### What the task requires
Copy each line of the records below that mentions the word "object".

### Material provided
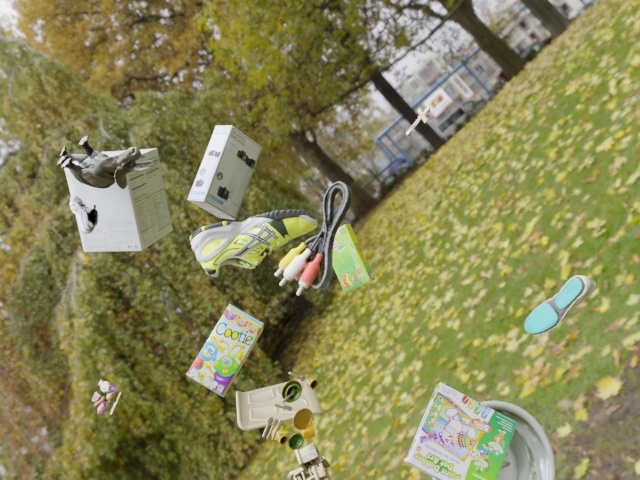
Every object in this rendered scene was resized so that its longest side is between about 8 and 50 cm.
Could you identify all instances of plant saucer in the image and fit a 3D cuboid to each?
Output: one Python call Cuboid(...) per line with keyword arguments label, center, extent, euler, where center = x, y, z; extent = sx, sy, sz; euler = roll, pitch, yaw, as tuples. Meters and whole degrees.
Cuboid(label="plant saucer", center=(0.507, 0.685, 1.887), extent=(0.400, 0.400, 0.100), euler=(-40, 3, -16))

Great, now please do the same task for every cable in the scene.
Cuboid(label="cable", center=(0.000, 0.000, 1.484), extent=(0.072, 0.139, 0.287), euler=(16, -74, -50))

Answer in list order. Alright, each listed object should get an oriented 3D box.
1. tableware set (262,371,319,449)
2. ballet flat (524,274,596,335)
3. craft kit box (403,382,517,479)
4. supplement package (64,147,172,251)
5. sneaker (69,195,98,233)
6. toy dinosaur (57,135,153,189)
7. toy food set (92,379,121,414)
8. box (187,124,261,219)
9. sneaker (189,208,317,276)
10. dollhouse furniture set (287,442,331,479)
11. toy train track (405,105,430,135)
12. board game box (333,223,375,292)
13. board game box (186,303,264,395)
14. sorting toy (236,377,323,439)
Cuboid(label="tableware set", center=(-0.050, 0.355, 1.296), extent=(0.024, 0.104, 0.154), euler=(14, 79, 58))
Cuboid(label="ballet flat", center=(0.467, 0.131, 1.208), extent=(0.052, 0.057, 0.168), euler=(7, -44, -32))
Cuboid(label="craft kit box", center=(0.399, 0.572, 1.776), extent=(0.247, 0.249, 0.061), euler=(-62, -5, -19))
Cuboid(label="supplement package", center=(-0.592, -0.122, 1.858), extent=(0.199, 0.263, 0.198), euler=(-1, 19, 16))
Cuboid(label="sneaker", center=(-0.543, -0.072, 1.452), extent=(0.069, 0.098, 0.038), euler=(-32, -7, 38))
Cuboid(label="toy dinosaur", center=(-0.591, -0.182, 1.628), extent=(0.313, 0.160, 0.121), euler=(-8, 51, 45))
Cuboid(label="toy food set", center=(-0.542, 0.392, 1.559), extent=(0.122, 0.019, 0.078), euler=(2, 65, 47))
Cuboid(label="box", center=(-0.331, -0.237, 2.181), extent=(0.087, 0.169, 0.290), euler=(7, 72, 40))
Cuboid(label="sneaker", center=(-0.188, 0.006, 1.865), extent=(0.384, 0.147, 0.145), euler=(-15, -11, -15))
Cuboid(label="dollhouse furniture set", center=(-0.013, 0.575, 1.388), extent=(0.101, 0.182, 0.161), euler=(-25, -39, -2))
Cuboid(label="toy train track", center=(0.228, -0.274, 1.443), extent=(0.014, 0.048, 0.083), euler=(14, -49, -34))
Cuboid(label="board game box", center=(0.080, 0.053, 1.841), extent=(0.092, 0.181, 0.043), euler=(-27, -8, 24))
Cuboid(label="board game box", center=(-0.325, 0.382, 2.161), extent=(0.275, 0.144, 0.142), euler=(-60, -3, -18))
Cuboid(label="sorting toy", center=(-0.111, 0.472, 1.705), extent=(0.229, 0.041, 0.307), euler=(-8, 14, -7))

### Task output
Every object in this rendered scene was resized so that its longest side is between about 8 and 50 cm.
Answer in list order. Alright, each listed object should get an oriented 3D box.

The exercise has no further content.